Output a faithful copy of the entries, every picture removed.

Supplied records:
★ ★ ★

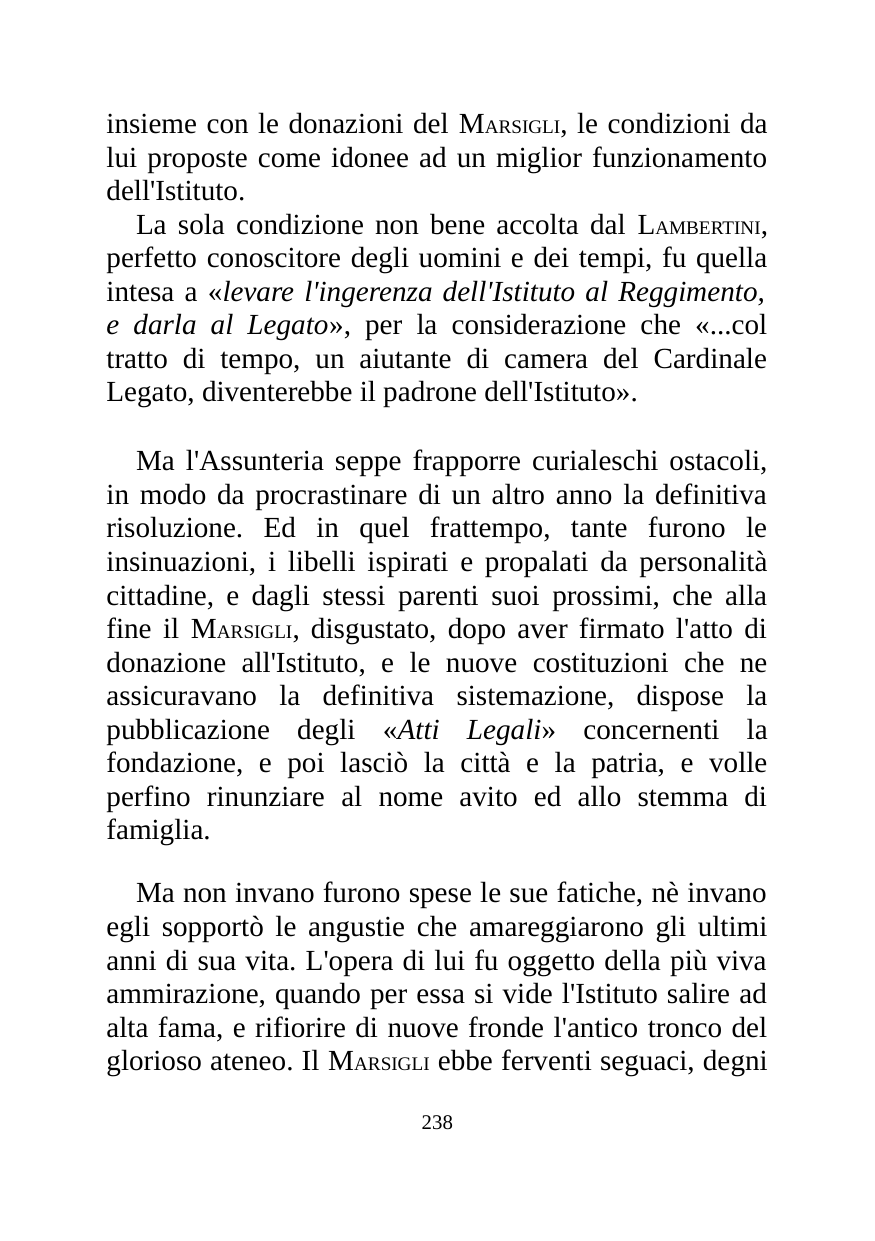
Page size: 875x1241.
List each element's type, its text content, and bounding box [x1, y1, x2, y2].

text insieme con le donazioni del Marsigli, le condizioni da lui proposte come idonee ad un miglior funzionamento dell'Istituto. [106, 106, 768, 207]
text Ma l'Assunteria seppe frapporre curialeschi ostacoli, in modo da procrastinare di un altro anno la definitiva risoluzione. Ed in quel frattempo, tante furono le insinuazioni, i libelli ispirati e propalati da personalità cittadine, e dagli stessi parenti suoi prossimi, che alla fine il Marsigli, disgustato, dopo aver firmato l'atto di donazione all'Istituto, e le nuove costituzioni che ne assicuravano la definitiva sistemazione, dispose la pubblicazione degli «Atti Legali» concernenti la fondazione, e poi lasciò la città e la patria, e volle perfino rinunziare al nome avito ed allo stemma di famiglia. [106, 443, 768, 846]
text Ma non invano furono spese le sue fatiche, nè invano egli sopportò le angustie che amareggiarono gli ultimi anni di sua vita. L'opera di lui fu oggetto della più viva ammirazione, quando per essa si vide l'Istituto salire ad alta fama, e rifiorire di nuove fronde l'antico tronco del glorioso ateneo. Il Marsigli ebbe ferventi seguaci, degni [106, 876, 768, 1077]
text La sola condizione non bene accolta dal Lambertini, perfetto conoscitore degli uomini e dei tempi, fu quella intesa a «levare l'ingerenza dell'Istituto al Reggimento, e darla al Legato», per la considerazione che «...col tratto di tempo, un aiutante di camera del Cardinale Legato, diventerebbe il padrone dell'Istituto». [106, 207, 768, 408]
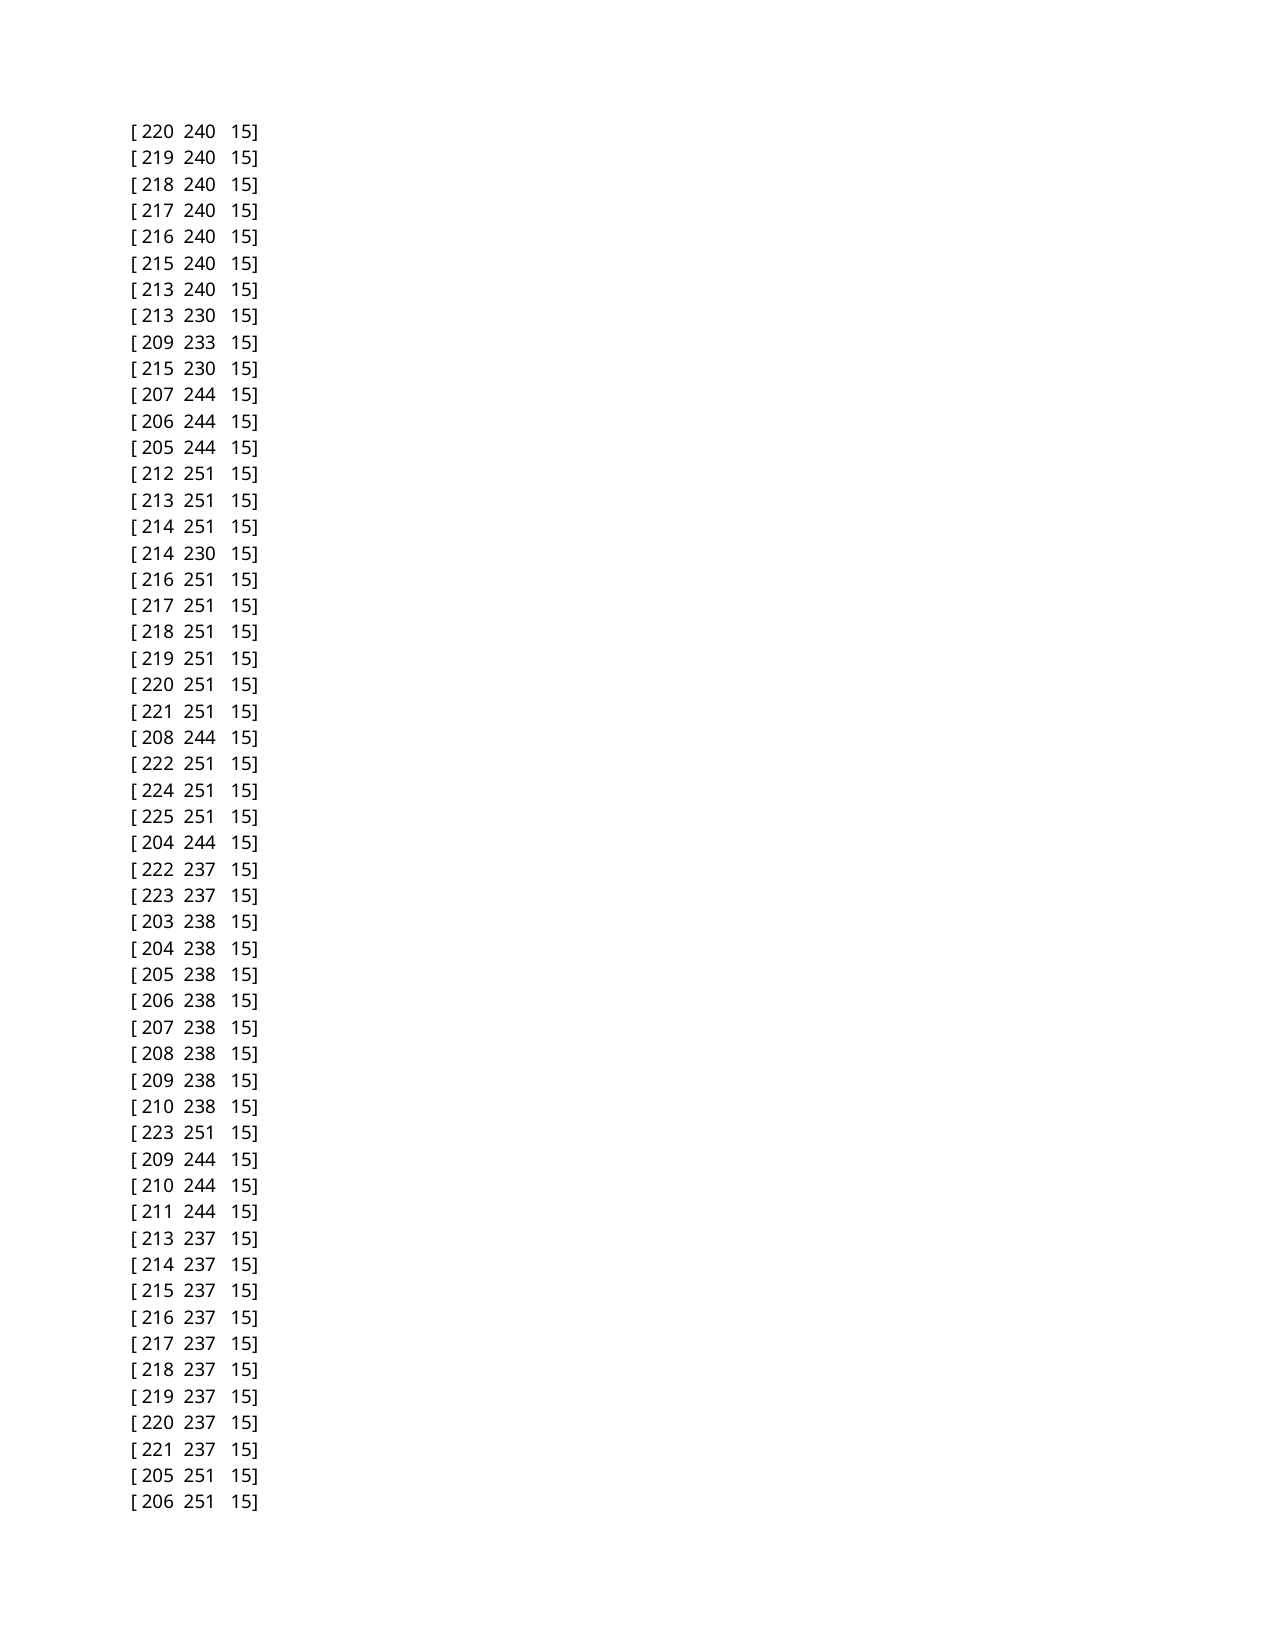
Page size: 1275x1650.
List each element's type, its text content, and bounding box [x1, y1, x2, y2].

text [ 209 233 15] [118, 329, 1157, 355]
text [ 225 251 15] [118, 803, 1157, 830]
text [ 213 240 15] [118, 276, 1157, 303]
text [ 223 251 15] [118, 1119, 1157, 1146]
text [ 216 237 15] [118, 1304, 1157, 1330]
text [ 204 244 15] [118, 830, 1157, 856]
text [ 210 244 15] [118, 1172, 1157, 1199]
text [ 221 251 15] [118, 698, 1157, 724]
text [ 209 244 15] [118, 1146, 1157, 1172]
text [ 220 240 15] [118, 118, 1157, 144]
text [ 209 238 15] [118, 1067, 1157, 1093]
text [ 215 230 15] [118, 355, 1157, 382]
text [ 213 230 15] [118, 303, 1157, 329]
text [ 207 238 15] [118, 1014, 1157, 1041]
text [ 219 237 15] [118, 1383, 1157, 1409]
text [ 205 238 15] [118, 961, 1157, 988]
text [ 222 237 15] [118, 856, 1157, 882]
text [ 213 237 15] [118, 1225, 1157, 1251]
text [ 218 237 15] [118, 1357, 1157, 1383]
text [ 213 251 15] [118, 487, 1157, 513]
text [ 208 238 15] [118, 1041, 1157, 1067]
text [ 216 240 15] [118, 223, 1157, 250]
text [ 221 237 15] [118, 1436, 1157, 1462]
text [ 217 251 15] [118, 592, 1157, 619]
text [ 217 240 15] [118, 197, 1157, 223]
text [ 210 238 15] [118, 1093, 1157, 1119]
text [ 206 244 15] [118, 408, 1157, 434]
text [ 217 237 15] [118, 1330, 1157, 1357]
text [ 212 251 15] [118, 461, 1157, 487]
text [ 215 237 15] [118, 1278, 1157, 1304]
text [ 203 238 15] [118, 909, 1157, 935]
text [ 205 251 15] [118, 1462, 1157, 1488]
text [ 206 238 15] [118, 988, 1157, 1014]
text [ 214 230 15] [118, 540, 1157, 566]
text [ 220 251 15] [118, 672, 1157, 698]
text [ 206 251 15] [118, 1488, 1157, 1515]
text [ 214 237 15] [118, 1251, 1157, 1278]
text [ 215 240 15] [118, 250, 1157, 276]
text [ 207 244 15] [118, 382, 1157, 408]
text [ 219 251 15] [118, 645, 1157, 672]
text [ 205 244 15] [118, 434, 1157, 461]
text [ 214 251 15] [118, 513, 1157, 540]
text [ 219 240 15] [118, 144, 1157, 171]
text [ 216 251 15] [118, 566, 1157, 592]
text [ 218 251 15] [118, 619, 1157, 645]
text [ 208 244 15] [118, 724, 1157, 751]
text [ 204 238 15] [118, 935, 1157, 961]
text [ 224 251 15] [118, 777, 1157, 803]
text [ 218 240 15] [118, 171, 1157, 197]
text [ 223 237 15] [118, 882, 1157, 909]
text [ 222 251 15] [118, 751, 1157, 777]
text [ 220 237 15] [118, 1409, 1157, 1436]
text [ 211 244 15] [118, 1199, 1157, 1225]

★ ★ ★

Response to this exercise:
Page size: 875x1241.
List each element's type, its text content, and bounding box [x1, y1, x2, y2].

text insieme con le donazioni del Marsigli, le condizioni da lui proposte come idonee ad un miglior funzionamento dell'Istituto. [106, 106, 768, 207]
text Ma l'Assunteria seppe frapporre curialeschi ostacoli, in modo da procrastinare di un altro anno la definitiva risoluzione. Ed in quel frattempo, tante furono le insinuazioni, i libelli ispirati e propalati da personalità cittadine, e dagli stessi parenti suoi prossimi, che alla fine il Marsigli, disgustato, dopo aver firmato l'atto di donazione all'Istituto, e le nuove costituzioni che ne assicuravano la definitiva sistemazione, dispose la pubblicazione degli «Atti Legali» concernenti la fondazione, e poi lasciò la città e la patria, e volle perfino rinunziare al nome avito ed allo stemma di famiglia. [106, 443, 768, 846]
text Ma non invano furono spese le sue fatiche, nè invano egli sopportò le angustie che amareggiarono gli ultimi anni di sua vita. L'opera di lui fu oggetto della più viva ammirazione, quando per essa si vide l'Istituto salire ad alta fama, e rifiorire di nuove fronde l'antico tronco del glorioso ateneo. Il Marsigli ebbe ferventi seguaci, degni [106, 876, 768, 1077]
text La sola condizione non bene accolta dal Lambertini, perfetto conoscitore degli uomini e dei tempi, fu quella intesa a «levare l'ingerenza dell'Istituto al Reggimento, e darla al Legato», per la considerazione che «...col tratto di tempo, un aiutante di camera del Cardinale Legato, diventerebbe il padrone dell'Istituto». [106, 207, 768, 408]
Page size: 1275x1650.
List each element's type, its text content, and bounding box [x1, y1, x2, y2].

text [ 209 233 15] [118, 329, 1157, 355]
text [ 225 251 15] [118, 803, 1157, 830]
text [ 213 240 15] [118, 276, 1157, 303]
text [ 223 251 15] [118, 1119, 1157, 1146]
text [ 216 237 15] [118, 1304, 1157, 1330]
text [ 204 244 15] [118, 830, 1157, 856]
text [ 210 244 15] [118, 1172, 1157, 1199]
text [ 221 251 15] [118, 698, 1157, 724]
text [ 209 244 15] [118, 1146, 1157, 1172]
text [ 220 240 15] [118, 118, 1157, 144]
text [ 209 238 15] [118, 1067, 1157, 1093]
text [ 215 230 15] [118, 355, 1157, 382]
text [ 213 230 15] [118, 303, 1157, 329]
text [ 207 238 15] [118, 1014, 1157, 1041]
text [ 219 237 15] [118, 1383, 1157, 1409]
text [ 205 238 15] [118, 961, 1157, 988]
text [ 222 237 15] [118, 856, 1157, 882]
text [ 213 237 15] [118, 1225, 1157, 1251]
text [ 218 237 15] [118, 1357, 1157, 1383]
text [ 213 251 15] [118, 487, 1157, 513]
text [ 208 238 15] [118, 1041, 1157, 1067]
text [ 216 240 15] [118, 223, 1157, 250]
text [ 221 237 15] [118, 1436, 1157, 1462]
text [ 217 251 15] [118, 592, 1157, 619]
text [ 217 240 15] [118, 197, 1157, 223]
text [ 210 238 15] [118, 1093, 1157, 1119]
text [ 206 244 15] [118, 408, 1157, 434]
text [ 217 237 15] [118, 1330, 1157, 1357]
text [ 212 251 15] [118, 461, 1157, 487]
text [ 215 237 15] [118, 1278, 1157, 1304]
text [ 203 238 15] [118, 909, 1157, 935]
text [ 205 251 15] [118, 1462, 1157, 1488]
text [ 206 238 15] [118, 988, 1157, 1014]
text [ 214 230 15] [118, 540, 1157, 566]
text [ 220 251 15] [118, 672, 1157, 698]
text [ 206 251 15] [118, 1488, 1157, 1515]
text [ 214 237 15] [118, 1251, 1157, 1278]
text [ 215 240 15] [118, 250, 1157, 276]
text [ 207 244 15] [118, 382, 1157, 408]
text [ 219 251 15] [118, 645, 1157, 672]
text [ 205 244 15] [118, 434, 1157, 461]
text [ 214 251 15] [118, 513, 1157, 540]
text [ 219 240 15] [118, 144, 1157, 171]
text [ 216 251 15] [118, 566, 1157, 592]
text [ 218 251 15] [118, 619, 1157, 645]
text [ 208 244 15] [118, 724, 1157, 751]
text [ 204 238 15] [118, 935, 1157, 961]
text [ 224 251 15] [118, 777, 1157, 803]
text [ 218 240 15] [118, 171, 1157, 197]
text [ 223 237 15] [118, 882, 1157, 909]
text [ 222 251 15] [118, 751, 1157, 777]
text [ 220 237 15] [118, 1409, 1157, 1436]
text [ 211 244 15] [118, 1199, 1157, 1225]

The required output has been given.